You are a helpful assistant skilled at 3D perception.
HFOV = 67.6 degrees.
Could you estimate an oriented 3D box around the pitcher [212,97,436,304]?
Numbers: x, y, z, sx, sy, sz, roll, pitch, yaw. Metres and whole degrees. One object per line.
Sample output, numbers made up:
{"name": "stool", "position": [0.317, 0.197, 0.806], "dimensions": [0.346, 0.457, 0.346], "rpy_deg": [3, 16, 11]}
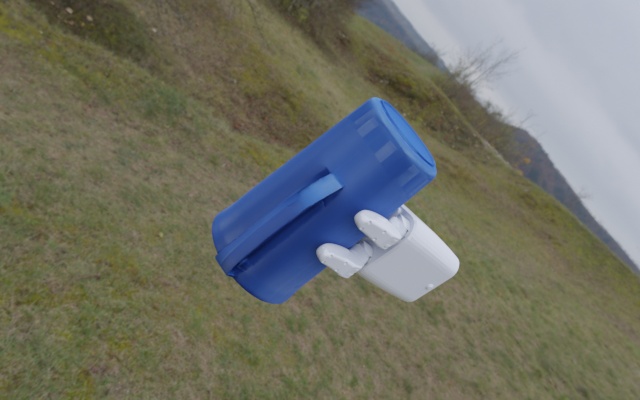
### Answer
{"name": "pitcher", "position": [0.000, 0.002, 0.529], "dimensions": [0.243, 0.149, 0.145], "rpy_deg": [-39, -55, 20]}

....

§ **ABOUT THIS EXERCISE**
Without including any pictures, copy every line above exactly.

§ **EXERCISE RESULT**
You are a helpful assistant skilled at 3D perception.
HFOV = 67.6 degrees.
Could you estimate an oriented 3D box around the pitcher [212,97,436,304]?
Numbers: x, y, z, sx, sy, sz, roll, pitch, yaw. Metres and whole degrees. One object per line.
Sample output, numbers made up:
{"name": "stool", "position": [0.317, 0.197, 0.806], "dimensions": [0.346, 0.457, 0.346], "rpy_deg": [3, 16, 11]}
### Answer
{"name": "pitcher", "position": [0.000, 0.002, 0.529], "dimensions": [0.243, 0.149, 0.145], "rpy_deg": [-39, -55, 20]}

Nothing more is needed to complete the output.